After concluding a 10-day inspection of McNeil’s Fort Washington, Pa plant where it manufactures all children’s and infants’ Tylenol, Motrin and other popular over-the-counter pediatric medicines, the Food and Drug Administration said that the plant lacked quality controls, used raw materials contaminated with bacteria and failed to investigate consumer complaints that some medicines contained black particles.
FDA officials said that McNeil received 46 consumer complaints between June 2009 and last month about "foreign materials, dark specks" in some medications but that the company failed to determine the cause and correct it. Liquid medicine should be compounded in a sterile environment, free from bacteria and other contaminants. I worked on a series of pharmacy compounding cases a few years ago in which I learned up close the dangers of poor quality control in compounding pharmacies. In those cases, many lots of a blood product used to paralyze the heart during open heart surgery were contaminated. The results for many surgical patients included organ failure and death.

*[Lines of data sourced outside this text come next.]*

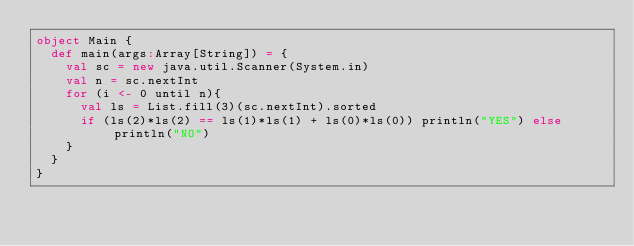<code> <loc_0><loc_0><loc_500><loc_500><_Scala_>object Main {
  def main(args:Array[String]) = {
    val sc = new java.util.Scanner(System.in)
    val n = sc.nextInt
    for (i <- 0 until n){
      val ls = List.fill(3)(sc.nextInt).sorted
      if (ls(2)*ls(2) == ls(1)*ls(1) + ls(0)*ls(0)) println("YES") else println("NO")
    }
  }
}</code> 
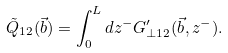<formula> <loc_0><loc_0><loc_500><loc_500>\tilde { Q } _ { 1 2 } ( \vec { b } ) = \int ^ { L } _ { 0 } d z ^ { - } G ^ { \prime } _ { \bot 1 2 } ( { \vec { b } } , z ^ { - } ) .</formula> 
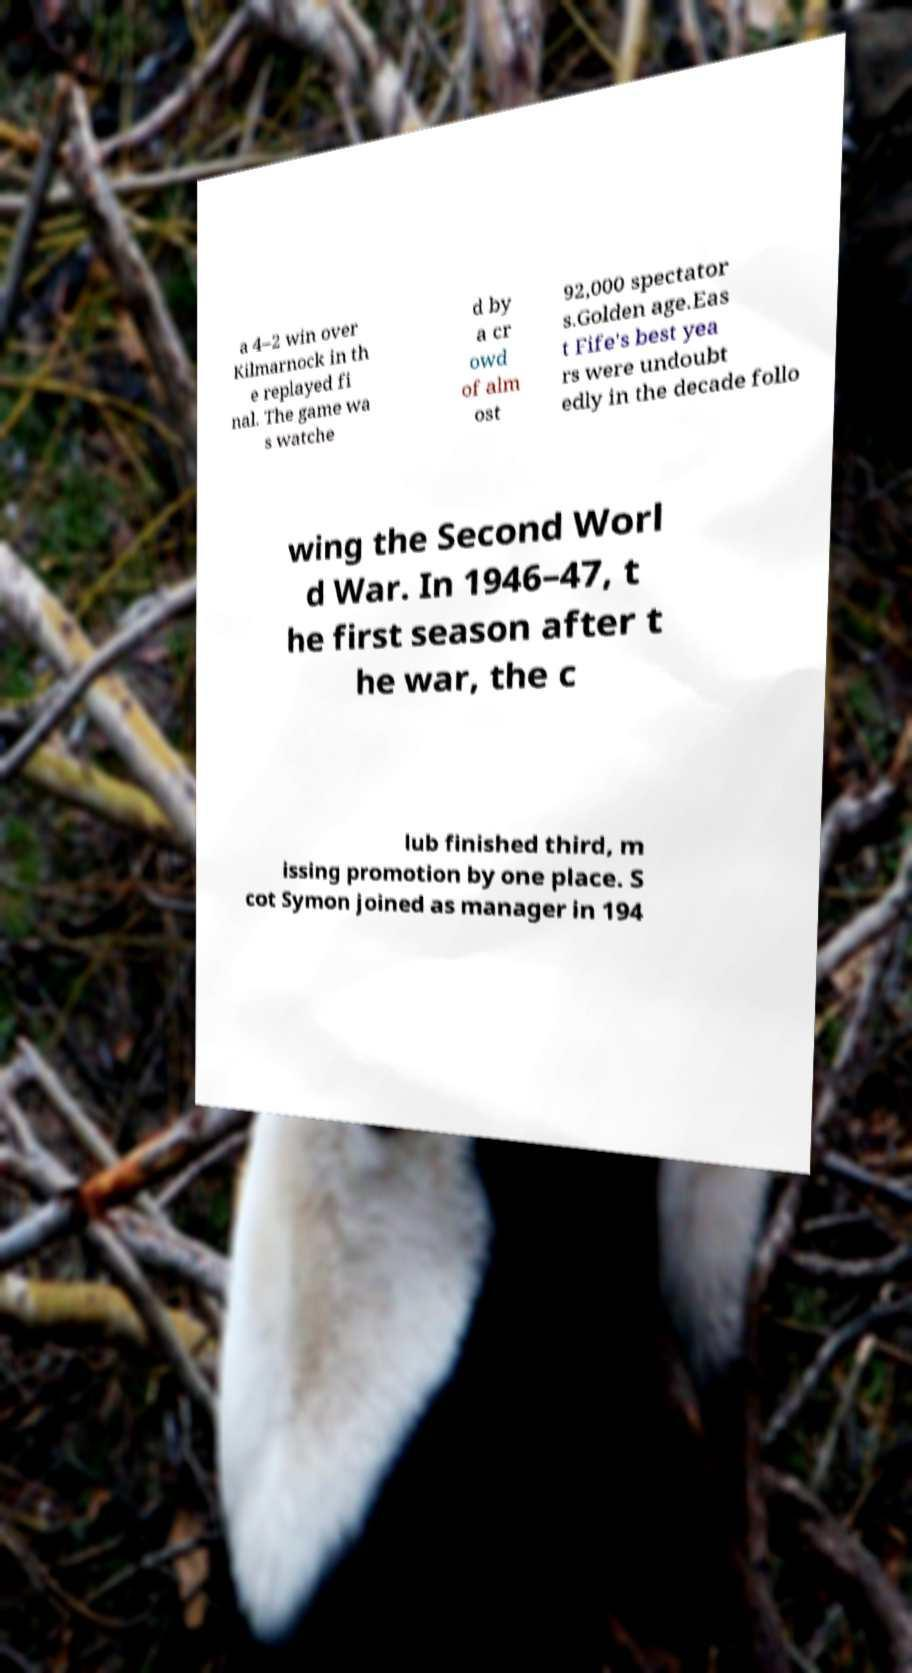Could you extract and type out the text from this image? a 4–2 win over Kilmarnock in th e replayed fi nal. The game wa s watche d by a cr owd of alm ost 92,000 spectator s.Golden age.Eas t Fife's best yea rs were undoubt edly in the decade follo wing the Second Worl d War. In 1946–47, t he first season after t he war, the c lub finished third, m issing promotion by one place. S cot Symon joined as manager in 194

FDA Commissioner Margaret A. Hamburg said parents and caregivers should immediately stop using the recalled medicines. Generic versions are a safe alternative, Hamburg said. A list of recalled products is set forth on McNeil’s press release to which I have linked in the first paragraph. They are also listed along with information about refunds on McNeil’s Web site.
Consumers who seek a refund should NOT agree to return or destroy any recalled product. Should your child become ill from a liquid medicine contaminated by bacteria or other contaminants, you will want to be able to test the product to show that it is the source of the contaminant.
At the Pennsylvania plant, the FDA identified defects in McNeil’s quality-control methods and manufacturing processes, including a failure to track customer complaints and spot trends that may signal systemic problems, a lack of written procedures and a failure to adequately train employees.
Investigators found that raw materials had "known contamination" with unspecified bacteria and "were approved for use to manufacture several finished lots of Children’s and Infant’s Tylenol drug products."
FDA officials said they could not identify the bacteria.
McNeil officials say the portion of raw materials in the medicines were tested and were not contaminated. "However, we understand the FDA’s concern and will be working closely with them to address it," the company said in a statement. "The quality issues that the FDA has observed, many of which we had recently identified in our own quality reviews and communicated to the FDA, are unacceptable to us," the statement added.
The company has said that some of the recalled medicines may have a higher amount of active ingredient and that others may contain inactive ingredients that do not meet internal standards.